Está claro que no está nada claro en qué consiste la moralidad. A alguna gente le parece inmoral que el diputado tory Stephen Milligan se vistiera con fino liguero y medias de seda para pelear consigo mismo por un quítame allá esas pajas. O que el otro diputado tory, el tal Hartley Booth, tuviera amores más o menos platónicos con una moza de 22 años, trotskista para más señas. Yo no veo en eso ni la más leve brizna de inmoralidad. A cambio, lo que sí me parece inmoral es que estos dos diputados conservadores, que en su intimidad se dedicaban a tan solazantes prácticas, en público apoyaran la cruzada carca que John Major tiene emprendida contra «la degradación de las costumbres».

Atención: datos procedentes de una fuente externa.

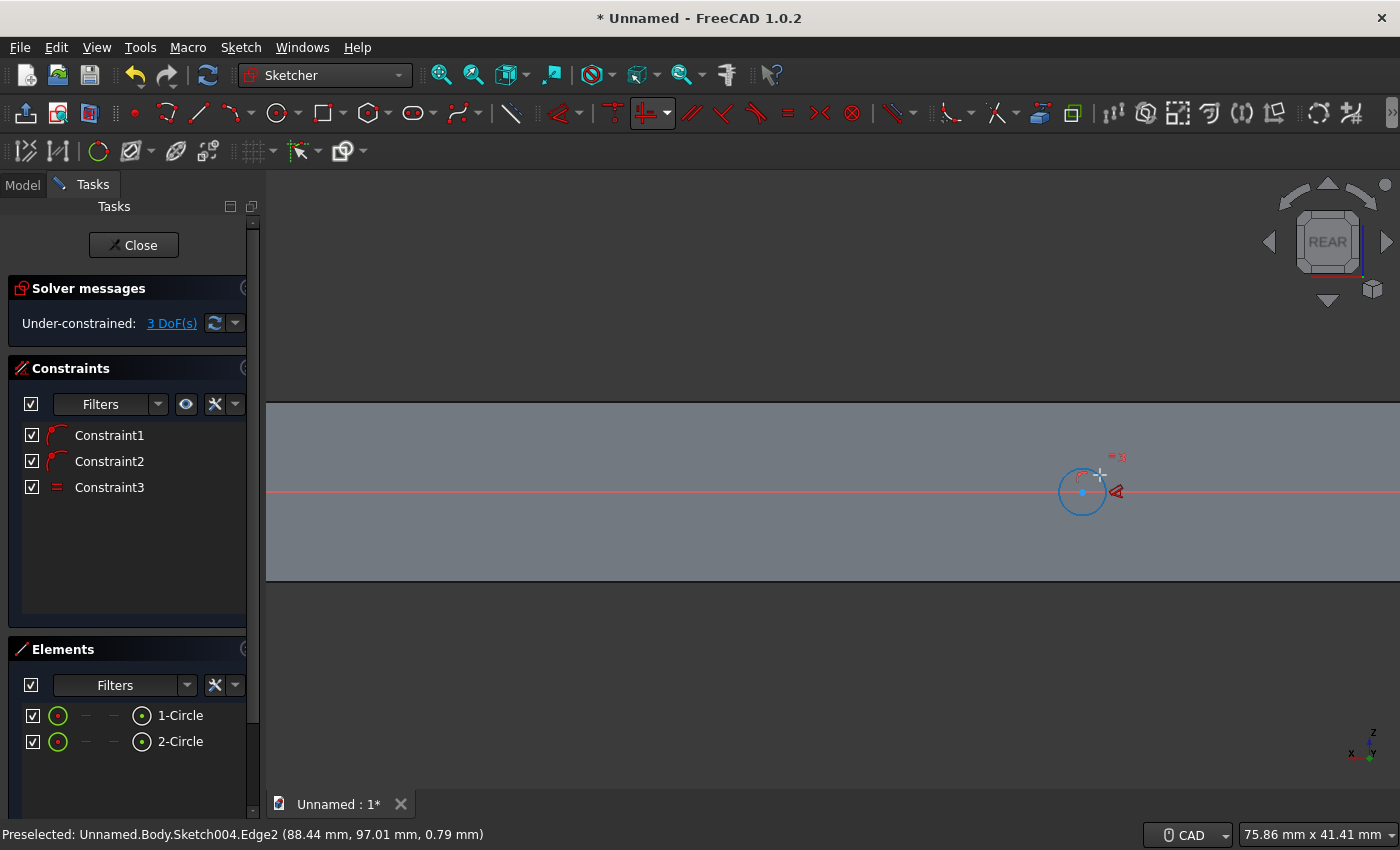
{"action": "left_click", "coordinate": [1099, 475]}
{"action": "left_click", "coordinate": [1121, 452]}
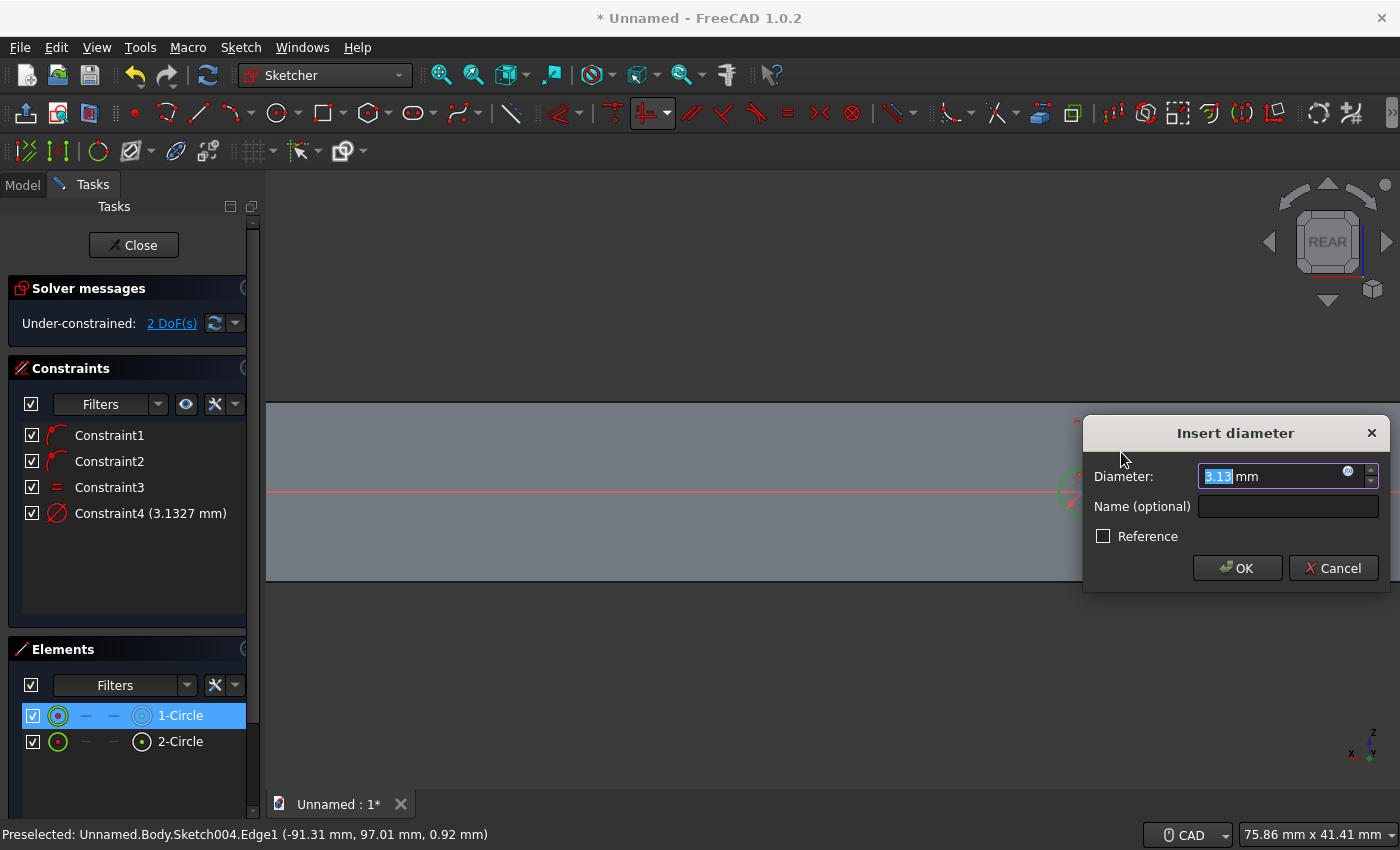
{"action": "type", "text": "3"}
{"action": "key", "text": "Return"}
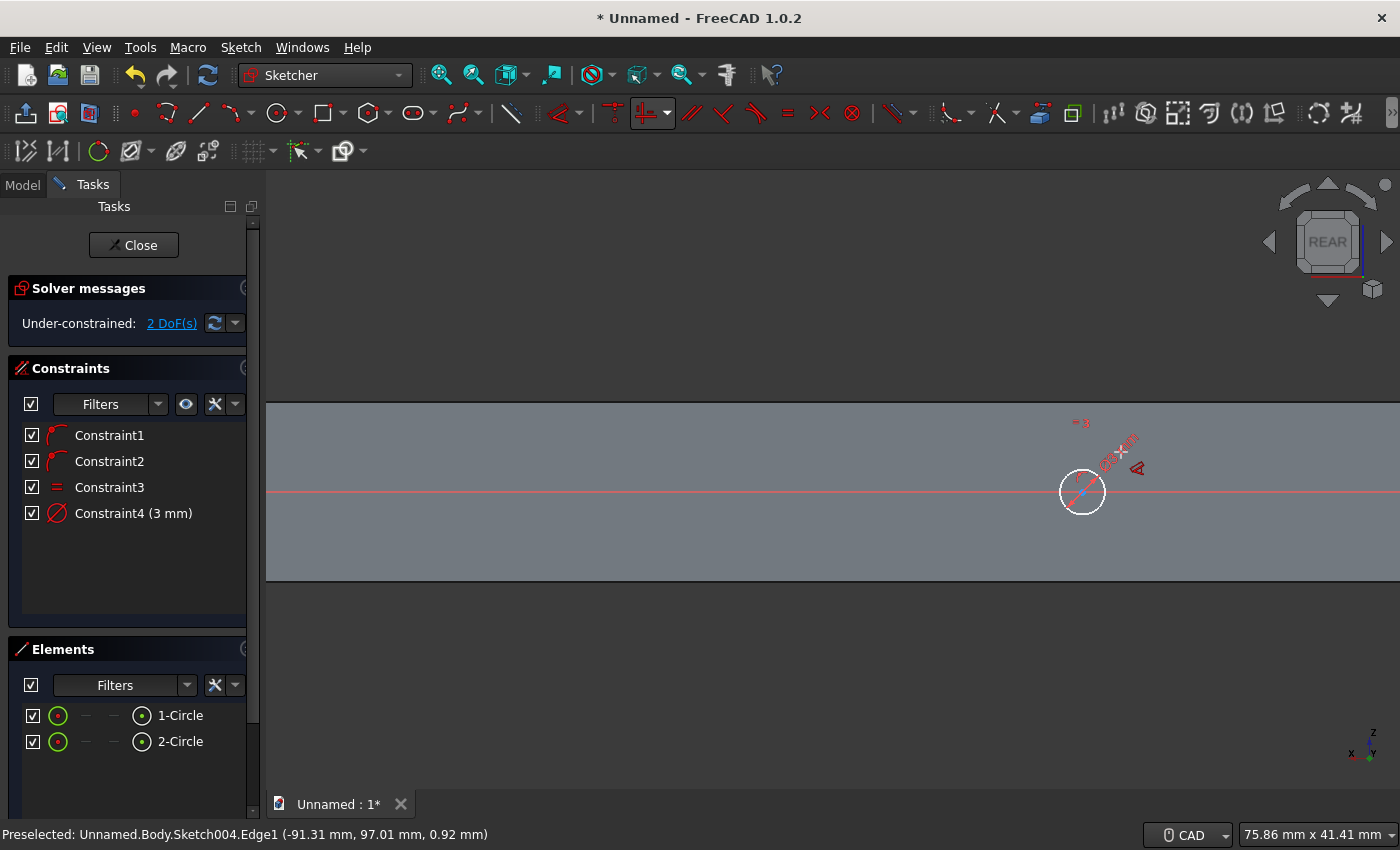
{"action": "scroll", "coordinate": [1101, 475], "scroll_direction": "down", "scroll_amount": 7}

Hay una moral de la convivencia en sociedad que todos hemos de respetar. Pero cada cual es libre de añadir a los principios de esa ética social otros de aplicación particular, y considerar que está muy mal comer carne los viernes, o tocarla fuera del matrimonio, o trasvestirse, o emular al bíblico Onán, o no ir a misa los domingos. No tengo nada de nada contra quienes se atienen fielmente a esos principios. Pero sí contra quienes, después de querer obligarnos a los demás a adoptarlos, demuestran que ellos mismos no los respetan. La libertad sexual no es inmoral; la doble moral, sí. El diputado Booth rizaba el rizo: en sus horas de asueto, simultaneaba los encuentros con su joven amante y los ejercicios como predicador metodista. Se ve que el tipo era un perfecto adicto a la hipocresía.
Esa es la gran inmoralidad que no deberíamos aceptar bajo ningún concepto, con la que deberíamos mostrarnos implacables. Porque el que se revela capaz de llevar hasta la antítesis sus prédicas públicas y su vida sexual privada puede hacer lo mismo en cualquier otro terreno. Hoy defiende la fidelidad conyugal que él mismo burla; mañana --o también hoy-- podrá denostar la corrupción mientras se embolsa comisiones ilegales.
En Cataluña se armó el otro día todo un escándalo porque el gran Pavlosky contó en un programa de TV3 la muy placentera relación que mantuvo en cierta ocasión con una gallina. Admito que la confesión no es lo más púdico que he oído en mi vida. Pero me inquieta que la historia de la gallina alborote tanto el gallinero y que, en cambio, las obscenidades de Felipe González, justificando la excarcelación de los asesinos Amedo y Domínguez en nombre del «Estado de Derecho», no vayan a provocar más que un discreto cloqueo general.
No me importa lo más mínimo que haya políticos que al caer la noche se vistan de damiselas y recorran los tugurios a la busca de recios camioneros que les calienten el catre. Pero me causan pavor cuando los veo justificar el crimen organizado como parte esencial de su trabajo de estadistas.
Un tipo que se maquilla no hace daño a nadie. El maquillador de crímenes, por contra, es un peligro público. Y un perfecto inmoral.
Javier Ortiz. El Mundo (16 de febrero de 1994). Subido a "Desde Jamaica" el 19 de febrero de 2013.